#### [Problem requirements]
One line at a time, check the entries below for the word "USINT", and copy each line that has it.

══ Extracted records ══

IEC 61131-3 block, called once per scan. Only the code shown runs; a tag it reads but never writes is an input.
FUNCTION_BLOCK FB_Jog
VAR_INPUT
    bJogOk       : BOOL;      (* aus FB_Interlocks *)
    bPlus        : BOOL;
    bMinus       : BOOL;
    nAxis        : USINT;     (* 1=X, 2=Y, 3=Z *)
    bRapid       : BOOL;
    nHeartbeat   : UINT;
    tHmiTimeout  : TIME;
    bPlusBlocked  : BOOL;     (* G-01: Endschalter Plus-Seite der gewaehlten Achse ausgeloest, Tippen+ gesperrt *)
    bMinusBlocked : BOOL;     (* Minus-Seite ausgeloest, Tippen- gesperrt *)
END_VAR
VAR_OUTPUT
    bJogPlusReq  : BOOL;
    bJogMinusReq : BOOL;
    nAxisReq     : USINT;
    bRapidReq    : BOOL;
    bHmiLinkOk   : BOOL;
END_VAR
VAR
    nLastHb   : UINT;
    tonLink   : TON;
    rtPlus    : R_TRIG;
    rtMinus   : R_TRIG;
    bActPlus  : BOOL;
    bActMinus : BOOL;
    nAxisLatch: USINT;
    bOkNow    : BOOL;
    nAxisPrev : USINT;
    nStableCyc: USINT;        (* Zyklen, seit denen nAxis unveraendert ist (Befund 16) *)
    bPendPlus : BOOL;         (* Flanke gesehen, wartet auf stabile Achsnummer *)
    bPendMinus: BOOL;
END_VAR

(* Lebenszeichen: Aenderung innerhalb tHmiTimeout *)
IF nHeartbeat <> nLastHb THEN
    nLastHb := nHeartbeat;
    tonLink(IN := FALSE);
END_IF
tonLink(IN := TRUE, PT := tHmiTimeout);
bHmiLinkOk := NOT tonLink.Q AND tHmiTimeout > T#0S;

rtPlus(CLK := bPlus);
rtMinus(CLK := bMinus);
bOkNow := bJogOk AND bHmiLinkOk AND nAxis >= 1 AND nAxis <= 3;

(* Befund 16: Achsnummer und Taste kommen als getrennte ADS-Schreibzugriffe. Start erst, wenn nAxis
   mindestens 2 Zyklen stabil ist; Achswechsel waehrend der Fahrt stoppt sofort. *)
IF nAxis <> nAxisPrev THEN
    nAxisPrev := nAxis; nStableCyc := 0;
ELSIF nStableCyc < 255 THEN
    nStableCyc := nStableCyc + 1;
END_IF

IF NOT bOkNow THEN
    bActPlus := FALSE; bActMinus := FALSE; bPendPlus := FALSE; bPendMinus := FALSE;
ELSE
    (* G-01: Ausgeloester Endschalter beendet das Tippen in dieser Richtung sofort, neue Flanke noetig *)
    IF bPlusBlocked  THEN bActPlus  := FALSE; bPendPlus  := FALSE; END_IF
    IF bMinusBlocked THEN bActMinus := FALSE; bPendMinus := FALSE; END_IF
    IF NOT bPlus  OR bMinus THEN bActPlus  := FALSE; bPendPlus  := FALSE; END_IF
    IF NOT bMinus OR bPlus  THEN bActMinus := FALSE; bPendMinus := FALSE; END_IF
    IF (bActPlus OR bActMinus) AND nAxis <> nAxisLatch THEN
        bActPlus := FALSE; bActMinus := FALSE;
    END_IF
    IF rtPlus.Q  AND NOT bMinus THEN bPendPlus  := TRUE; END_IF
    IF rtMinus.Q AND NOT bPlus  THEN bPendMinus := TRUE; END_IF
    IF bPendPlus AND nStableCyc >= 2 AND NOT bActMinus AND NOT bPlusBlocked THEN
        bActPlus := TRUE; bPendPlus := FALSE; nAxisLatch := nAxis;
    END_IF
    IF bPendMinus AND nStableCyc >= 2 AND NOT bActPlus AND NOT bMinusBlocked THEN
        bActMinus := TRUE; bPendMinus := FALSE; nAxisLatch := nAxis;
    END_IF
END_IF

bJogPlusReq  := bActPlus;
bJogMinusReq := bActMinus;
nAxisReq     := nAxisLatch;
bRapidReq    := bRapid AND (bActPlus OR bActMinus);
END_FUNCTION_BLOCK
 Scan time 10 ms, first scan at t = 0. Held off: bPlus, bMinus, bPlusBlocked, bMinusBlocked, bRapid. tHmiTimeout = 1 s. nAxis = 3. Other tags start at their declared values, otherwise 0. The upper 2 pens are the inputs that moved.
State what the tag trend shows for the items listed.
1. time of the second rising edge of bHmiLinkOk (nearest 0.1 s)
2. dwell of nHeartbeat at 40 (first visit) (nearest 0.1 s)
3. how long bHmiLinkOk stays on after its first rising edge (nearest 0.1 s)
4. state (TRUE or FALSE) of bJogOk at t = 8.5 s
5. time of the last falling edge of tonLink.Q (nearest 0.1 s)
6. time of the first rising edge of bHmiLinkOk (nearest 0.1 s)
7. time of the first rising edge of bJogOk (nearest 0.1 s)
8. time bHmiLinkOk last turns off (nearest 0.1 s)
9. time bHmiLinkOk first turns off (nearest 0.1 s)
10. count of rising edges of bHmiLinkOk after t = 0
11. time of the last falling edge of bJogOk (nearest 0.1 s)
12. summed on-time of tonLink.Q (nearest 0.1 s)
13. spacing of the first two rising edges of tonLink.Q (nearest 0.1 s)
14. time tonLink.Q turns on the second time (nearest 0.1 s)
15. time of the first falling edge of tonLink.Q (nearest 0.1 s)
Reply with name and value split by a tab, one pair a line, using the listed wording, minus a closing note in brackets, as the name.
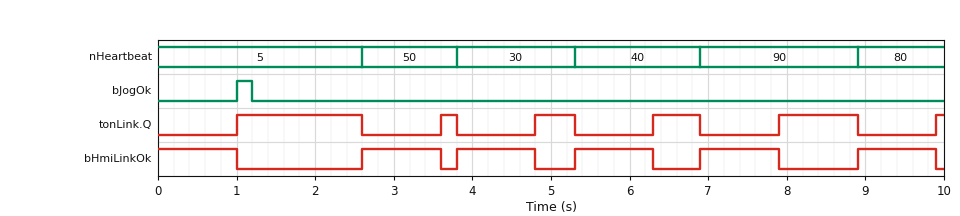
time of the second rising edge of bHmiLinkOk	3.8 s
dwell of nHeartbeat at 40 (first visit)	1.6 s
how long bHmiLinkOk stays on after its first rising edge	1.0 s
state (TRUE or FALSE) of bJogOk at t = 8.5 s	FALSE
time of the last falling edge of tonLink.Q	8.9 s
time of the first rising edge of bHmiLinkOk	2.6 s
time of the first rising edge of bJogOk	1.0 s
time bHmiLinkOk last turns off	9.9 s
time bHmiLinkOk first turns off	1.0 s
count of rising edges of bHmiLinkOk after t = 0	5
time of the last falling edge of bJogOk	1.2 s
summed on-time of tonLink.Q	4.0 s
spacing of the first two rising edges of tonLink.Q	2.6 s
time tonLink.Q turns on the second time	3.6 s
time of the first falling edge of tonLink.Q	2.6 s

═══
══ Extracted records ══

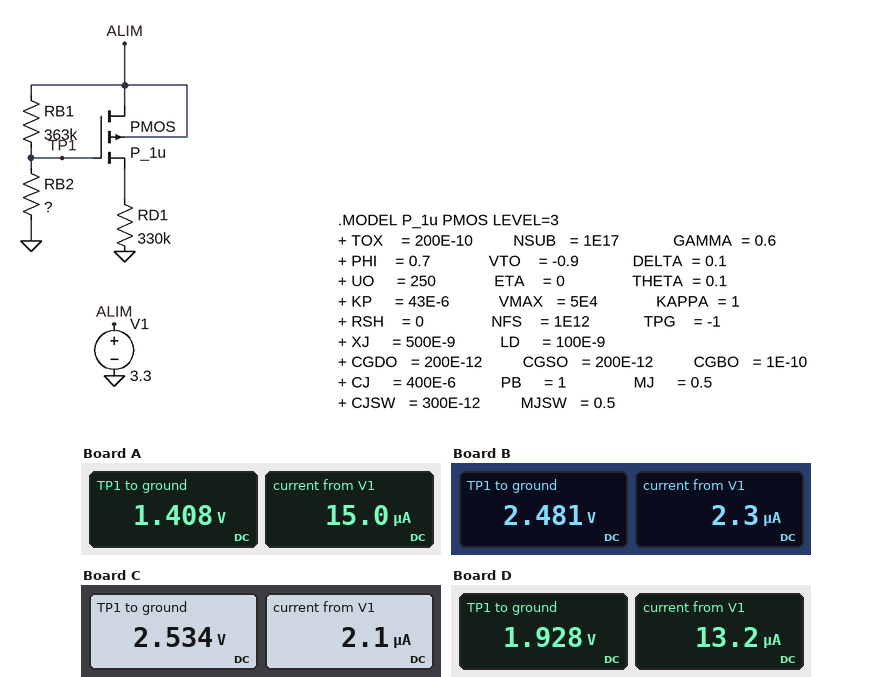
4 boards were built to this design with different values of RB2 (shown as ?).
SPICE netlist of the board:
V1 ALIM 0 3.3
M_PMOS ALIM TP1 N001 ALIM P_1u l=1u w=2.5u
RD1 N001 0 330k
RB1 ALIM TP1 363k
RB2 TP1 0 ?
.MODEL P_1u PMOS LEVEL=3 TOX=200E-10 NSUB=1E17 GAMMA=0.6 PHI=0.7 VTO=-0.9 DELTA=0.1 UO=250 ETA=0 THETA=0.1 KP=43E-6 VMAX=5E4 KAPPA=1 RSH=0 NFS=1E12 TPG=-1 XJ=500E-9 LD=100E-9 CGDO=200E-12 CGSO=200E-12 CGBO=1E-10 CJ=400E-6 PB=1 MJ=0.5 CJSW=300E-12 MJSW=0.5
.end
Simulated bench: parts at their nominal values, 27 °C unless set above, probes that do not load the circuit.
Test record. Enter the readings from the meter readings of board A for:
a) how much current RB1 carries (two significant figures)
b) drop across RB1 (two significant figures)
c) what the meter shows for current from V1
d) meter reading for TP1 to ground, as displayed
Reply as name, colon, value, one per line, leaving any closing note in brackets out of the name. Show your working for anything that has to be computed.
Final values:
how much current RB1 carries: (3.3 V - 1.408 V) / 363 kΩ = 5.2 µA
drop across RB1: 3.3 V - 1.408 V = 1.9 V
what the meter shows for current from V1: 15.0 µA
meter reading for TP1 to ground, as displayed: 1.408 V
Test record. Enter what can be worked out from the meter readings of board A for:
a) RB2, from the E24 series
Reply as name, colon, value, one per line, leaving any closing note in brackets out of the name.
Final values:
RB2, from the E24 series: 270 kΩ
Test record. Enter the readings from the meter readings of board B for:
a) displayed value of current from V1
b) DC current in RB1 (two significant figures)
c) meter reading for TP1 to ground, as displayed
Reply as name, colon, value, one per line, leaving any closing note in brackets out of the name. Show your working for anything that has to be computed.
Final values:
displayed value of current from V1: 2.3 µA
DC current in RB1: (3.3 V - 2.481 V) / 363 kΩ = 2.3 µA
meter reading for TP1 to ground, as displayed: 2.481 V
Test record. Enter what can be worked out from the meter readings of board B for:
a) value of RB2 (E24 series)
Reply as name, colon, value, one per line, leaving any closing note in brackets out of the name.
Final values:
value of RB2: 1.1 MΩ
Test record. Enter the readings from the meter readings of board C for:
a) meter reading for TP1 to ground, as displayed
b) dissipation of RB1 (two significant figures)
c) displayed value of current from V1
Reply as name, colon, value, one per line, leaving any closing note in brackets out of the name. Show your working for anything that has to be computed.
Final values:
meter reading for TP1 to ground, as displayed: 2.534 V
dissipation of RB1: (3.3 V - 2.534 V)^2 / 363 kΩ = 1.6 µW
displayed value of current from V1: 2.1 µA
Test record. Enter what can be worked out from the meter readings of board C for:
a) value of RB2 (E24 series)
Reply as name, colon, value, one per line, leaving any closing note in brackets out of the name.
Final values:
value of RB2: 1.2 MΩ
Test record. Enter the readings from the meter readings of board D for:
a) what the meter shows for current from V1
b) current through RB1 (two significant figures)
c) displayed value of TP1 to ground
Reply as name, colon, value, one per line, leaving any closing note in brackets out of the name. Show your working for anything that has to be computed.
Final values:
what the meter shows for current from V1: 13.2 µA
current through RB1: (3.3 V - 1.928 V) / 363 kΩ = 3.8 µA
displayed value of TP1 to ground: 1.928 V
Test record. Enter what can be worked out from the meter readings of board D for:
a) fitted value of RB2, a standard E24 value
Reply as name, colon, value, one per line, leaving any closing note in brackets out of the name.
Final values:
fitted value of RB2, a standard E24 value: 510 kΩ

═══

#### [Output of the exercise]
    nAxis        : USINT;     (* 1=X, 2=Y, 3=Z *)
    nAxisReq     : USINT;
    nAxisLatch: USINT;
    nAxisPrev : USINT;
    nStableCyc: USINT;        (* Zyklen, seit denen nAxis unveraendert ist (Befund 16) *)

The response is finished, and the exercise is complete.